◆ Stored records ◆

○ ○ ○ ○ ○

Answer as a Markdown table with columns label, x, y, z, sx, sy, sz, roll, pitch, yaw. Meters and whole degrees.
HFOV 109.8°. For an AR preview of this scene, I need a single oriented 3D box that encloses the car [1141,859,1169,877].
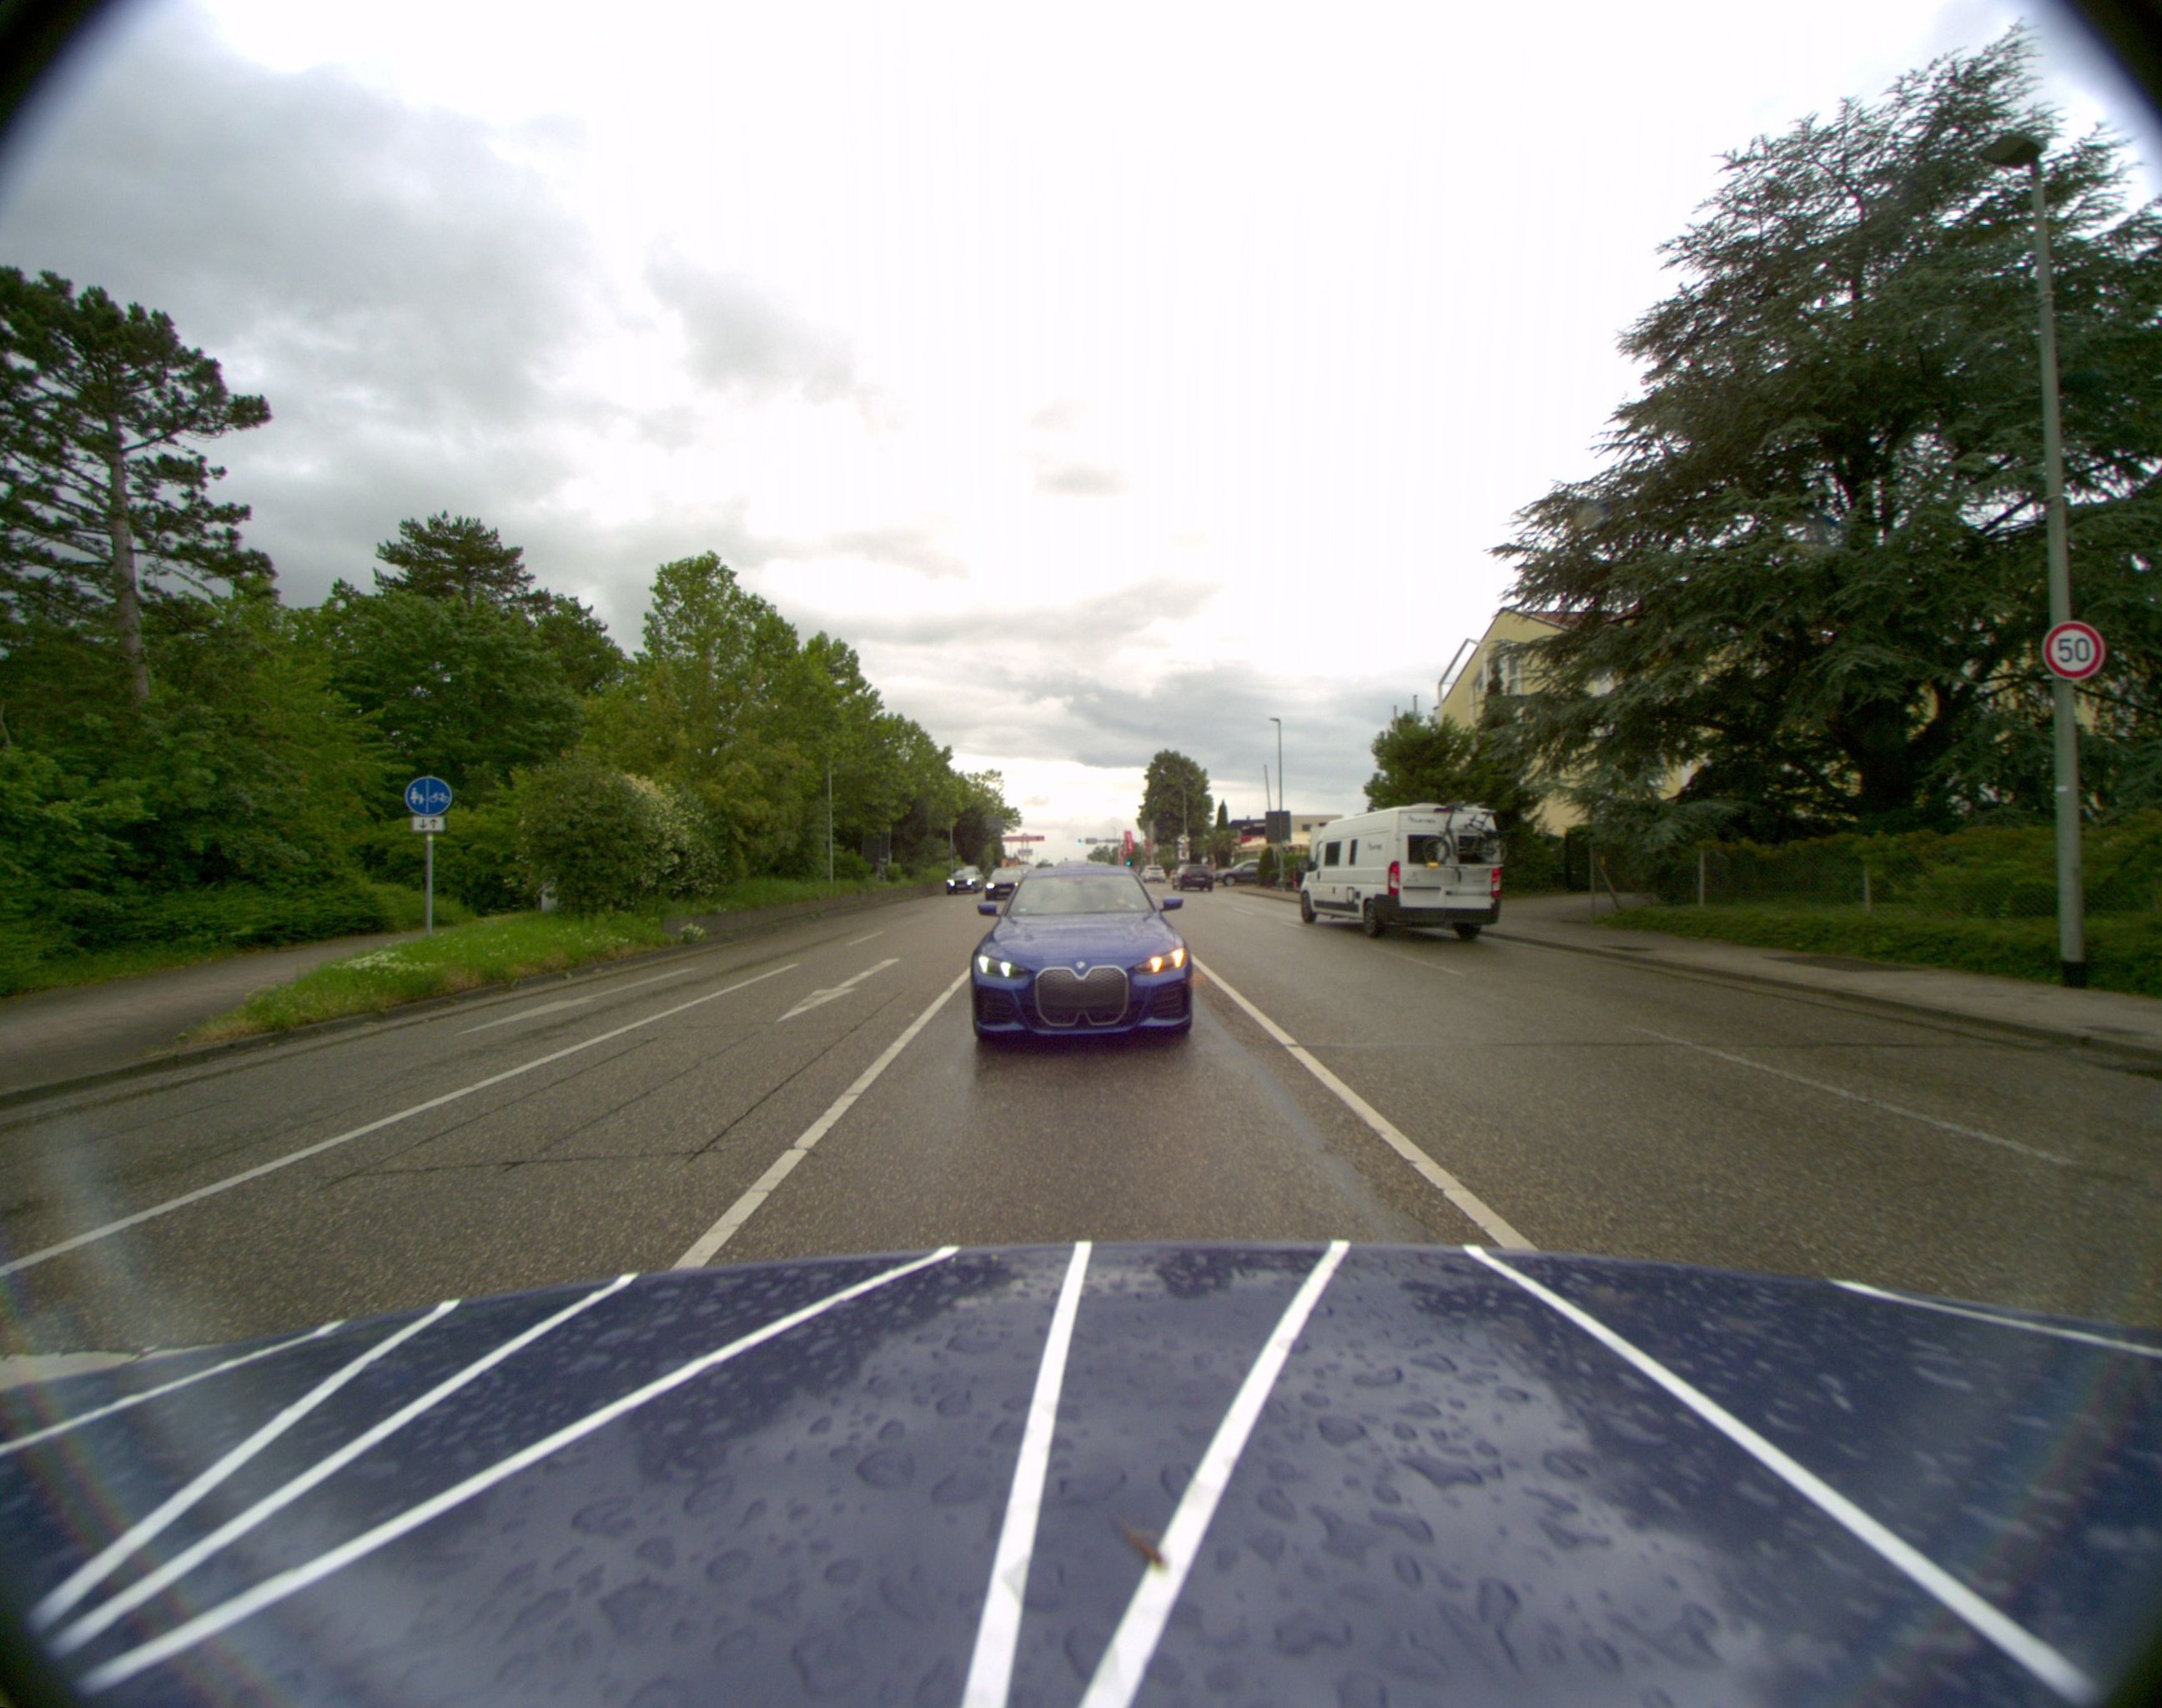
| label | x | y | z | sx | sy | sz | roll | pitch | yaw |
| --- | --- | --- | --- | --- | --- | --- | --- | --- | --- |
| car | 6.180 | 1.155 | 63.793 | 1.751 | 1.389 | 3.801 | -1 | 0 | -2 |

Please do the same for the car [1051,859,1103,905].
| label | x | y | z | sx | sy | sz | roll | pitch | yaw |
| --- | --- | --- | --- | --- | --- | --- | --- | --- | --- |
| car | -0.140 | 1.016 | 29.000 | 1.807 | 1.543 | 4.000 | -1 | 0 | 0 |

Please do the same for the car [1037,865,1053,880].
| label | x | y | z | sx | sy | sz | roll | pitch | yaw |
| --- | --- | --- | --- | --- | --- | --- | --- | --- | --- |
| car | -4.350 | 2.235 | 93.083 | 1.829 | 1.612 | 3.841 | -1 | 0 | -1 |

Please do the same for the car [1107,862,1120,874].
| label | x | y | z | sx | sy | sz | roll | pitch | yaw |
| --- | --- | --- | --- | --- | --- | --- | --- | --- | --- |
| car | 4.732 | 2.060 | 111.545 | 1.704 | 1.590 | 3.548 | 0 | 1 | -2 |

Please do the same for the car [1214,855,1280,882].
| label | x | y | z | sx | sy | sz | roll | pitch | yaw |
| --- | --- | --- | --- | --- | --- | --- | --- | --- | --- |
| car | 10.641 | 0.948 | 48.903 | 3.930 | 1.642 | 1.719 | -1 | 0 | 6 |

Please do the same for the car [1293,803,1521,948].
| label | x | y | z | sx | sy | sz | roll | pitch | yaw |
| --- | --- | --- | --- | --- | --- | --- | --- | --- | --- |
| car | 6.514 | 0.406 | 16.205 | 2.303 | 2.513 | 5.773 | 1 | -1 | -1 |

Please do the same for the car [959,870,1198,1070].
| label | x | y | z | sx | sy | sz | roll | pitch | yaw |
| --- | --- | --- | --- | --- | --- | --- | --- | --- | --- |
| car | -0.028 | 0.933 | 7.968 | 1.804 | 1.399 | 4.272 | -1 | 0 | 0 |

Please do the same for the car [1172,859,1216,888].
| label | x | y | z | sx | sy | sz | roll | pitch | yaw |
| --- | --- | --- | --- | --- | --- | --- | --- | --- | --- |
| car | 6.293 | 1.042 | 42.691 | 1.780 | 1.493 | 4.471 | -1 | 0 | -1 |

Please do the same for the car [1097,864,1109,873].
| label | x | y | z | sx | sy | sz | roll | pitch | yaw |
| --- | --- | --- | --- | --- | --- | --- | --- | --- | --- |
| car | 4.005 | 2.635 | 137.844 | 1.790 | 1.451 | 4.431 | -1 | 0 | -3 |

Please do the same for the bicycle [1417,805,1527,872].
| label | x | y | z | sx | sy | sz | roll | pitch | yaw |
| --- | --- | --- | --- | --- | --- | --- | --- | --- | --- |
| bicycle | 6.711 | -0.258 | 13.077 | 1.640 | 1.119 | 0.468 | 1 | 0 | -1 |

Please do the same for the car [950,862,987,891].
| label | x | y | z | sx | sy | sz | roll | pitch | yaw |
| --- | --- | --- | --- | --- | --- | --- | --- | --- | --- |
| car | -6.806 | 1.361 | 46.300 | 1.705 | 1.612 | 3.841 | -3 | -1 | -3 |

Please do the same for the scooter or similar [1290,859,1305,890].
| label | x | y | z | sx | sy | sz | roll | pitch | yaw |
| --- | --- | --- | --- | --- | --- | --- | --- | --- | --- |
| scooter or similar | 10.002 | 0.941 | 35.123 | 0.505 | 1.398 | 1.882 | 0 | 0 | 11 |

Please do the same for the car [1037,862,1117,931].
| label | x | y | z | sx | sy | sz | roll | pitch | yaw |
| --- | --- | --- | --- | --- | --- | --- | --- | --- | --- |
| car | -0.094 | 0.982 | 19.477 | 1.807 | 1.543 | 4.223 | -1 | 0 | 0 |

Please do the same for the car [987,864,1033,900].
| label | x | y | z | sx | sy | sz | roll | pitch | yaw |
| --- | --- | --- | --- | --- | --- | --- | --- | --- | --- |
| car | -3.279 | 1.259 | 35.815 | 1.795 | 1.451 | 4.719 | -2 | 0 | -1 |

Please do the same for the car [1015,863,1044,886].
| label | x | y | z | sx | sy | sz | roll | pitch | yaw |
| --- | --- | --- | --- | --- | --- | --- | --- | --- | --- |
| car | -3.996 | 1.564 | 59.250 | 1.979 | 1.613 | 3.841 | -3 | 1 | -1 |

○ ○ ○ ○ ○

Copy all of the records verbatim, omitting the pictures.

◆ Task response ◆
Answer as a Markdown table with columns label, x, y, z, sx, sy, sz, roll, pitch, yaw. Meters and whole degrees.
HFOV 109.8°. For an AR preview of this scene, I need a single oriented 3D box that encloses the car [1141,859,1169,877].
| label | x | y | z | sx | sy | sz | roll | pitch | yaw |
| --- | --- | --- | --- | --- | --- | --- | --- | --- | --- |
| car | 6.180 | 1.155 | 63.793 | 1.751 | 1.389 | 3.801 | -1 | 0 | -2 |

Please do the same for the car [1051,859,1103,905].
| label | x | y | z | sx | sy | sz | roll | pitch | yaw |
| --- | --- | --- | --- | --- | --- | --- | --- | --- | --- |
| car | -0.140 | 1.016 | 29.000 | 1.807 | 1.543 | 4.000 | -1 | 0 | 0 |

Please do the same for the car [1037,865,1053,880].
| label | x | y | z | sx | sy | sz | roll | pitch | yaw |
| --- | --- | --- | --- | --- | --- | --- | --- | --- | --- |
| car | -4.350 | 2.235 | 93.083 | 1.829 | 1.612 | 3.841 | -1 | 0 | -1 |

Please do the same for the car [1107,862,1120,874].
| label | x | y | z | sx | sy | sz | roll | pitch | yaw |
| --- | --- | --- | --- | --- | --- | --- | --- | --- | --- |
| car | 4.732 | 2.060 | 111.545 | 1.704 | 1.590 | 3.548 | 0 | 1 | -2 |

Please do the same for the car [1214,855,1280,882].
| label | x | y | z | sx | sy | sz | roll | pitch | yaw |
| --- | --- | --- | --- | --- | --- | --- | --- | --- | --- |
| car | 10.641 | 0.948 | 48.903 | 3.930 | 1.642 | 1.719 | -1 | 0 | 6 |

Please do the same for the car [1293,803,1521,948].
| label | x | y | z | sx | sy | sz | roll | pitch | yaw |
| --- | --- | --- | --- | --- | --- | --- | --- | --- | --- |
| car | 6.514 | 0.406 | 16.205 | 2.303 | 2.513 | 5.773 | 1 | -1 | -1 |

Please do the same for the car [959,870,1198,1070].
| label | x | y | z | sx | sy | sz | roll | pitch | yaw |
| --- | --- | --- | --- | --- | --- | --- | --- | --- | --- |
| car | -0.028 | 0.933 | 7.968 | 1.804 | 1.399 | 4.272 | -1 | 0 | 0 |

Please do the same for the car [1172,859,1216,888].
| label | x | y | z | sx | sy | sz | roll | pitch | yaw |
| --- | --- | --- | --- | --- | --- | --- | --- | --- | --- |
| car | 6.293 | 1.042 | 42.691 | 1.780 | 1.493 | 4.471 | -1 | 0 | -1 |

Please do the same for the car [1097,864,1109,873].
| label | x | y | z | sx | sy | sz | roll | pitch | yaw |
| --- | --- | --- | --- | --- | --- | --- | --- | --- | --- |
| car | 4.005 | 2.635 | 137.844 | 1.790 | 1.451 | 4.431 | -1 | 0 | -3 |

Please do the same for the bicycle [1417,805,1527,872].
| label | x | y | z | sx | sy | sz | roll | pitch | yaw |
| --- | --- | --- | --- | --- | --- | --- | --- | --- | --- |
| bicycle | 6.711 | -0.258 | 13.077 | 1.640 | 1.119 | 0.468 | 1 | 0 | -1 |

Please do the same for the car [950,862,987,891].
| label | x | y | z | sx | sy | sz | roll | pitch | yaw |
| --- | --- | --- | --- | --- | --- | --- | --- | --- | --- |
| car | -6.806 | 1.361 | 46.300 | 1.705 | 1.612 | 3.841 | -3 | -1 | -3 |

Please do the same for the scooter or similar [1290,859,1305,890].
| label | x | y | z | sx | sy | sz | roll | pitch | yaw |
| --- | --- | --- | --- | --- | --- | --- | --- | --- | --- |
| scooter or similar | 10.002 | 0.941 | 35.123 | 0.505 | 1.398 | 1.882 | 0 | 0 | 11 |

Please do the same for the car [1037,862,1117,931].
| label | x | y | z | sx | sy | sz | roll | pitch | yaw |
| --- | --- | --- | --- | --- | --- | --- | --- | --- | --- |
| car | -0.094 | 0.982 | 19.477 | 1.807 | 1.543 | 4.223 | -1 | 0 | 0 |

Please do the same for the car [987,864,1033,900].
| label | x | y | z | sx | sy | sz | roll | pitch | yaw |
| --- | --- | --- | --- | --- | --- | --- | --- | --- | --- |
| car | -3.279 | 1.259 | 35.815 | 1.795 | 1.451 | 4.719 | -2 | 0 | -1 |

Please do the same for the car [1015,863,1044,886].
| label | x | y | z | sx | sy | sz | roll | pitch | yaw |
| --- | --- | --- | --- | --- | --- | --- | --- | --- | --- |
| car | -3.996 | 1.564 | 59.250 | 1.979 | 1.613 | 3.841 | -3 | 1 | -1 |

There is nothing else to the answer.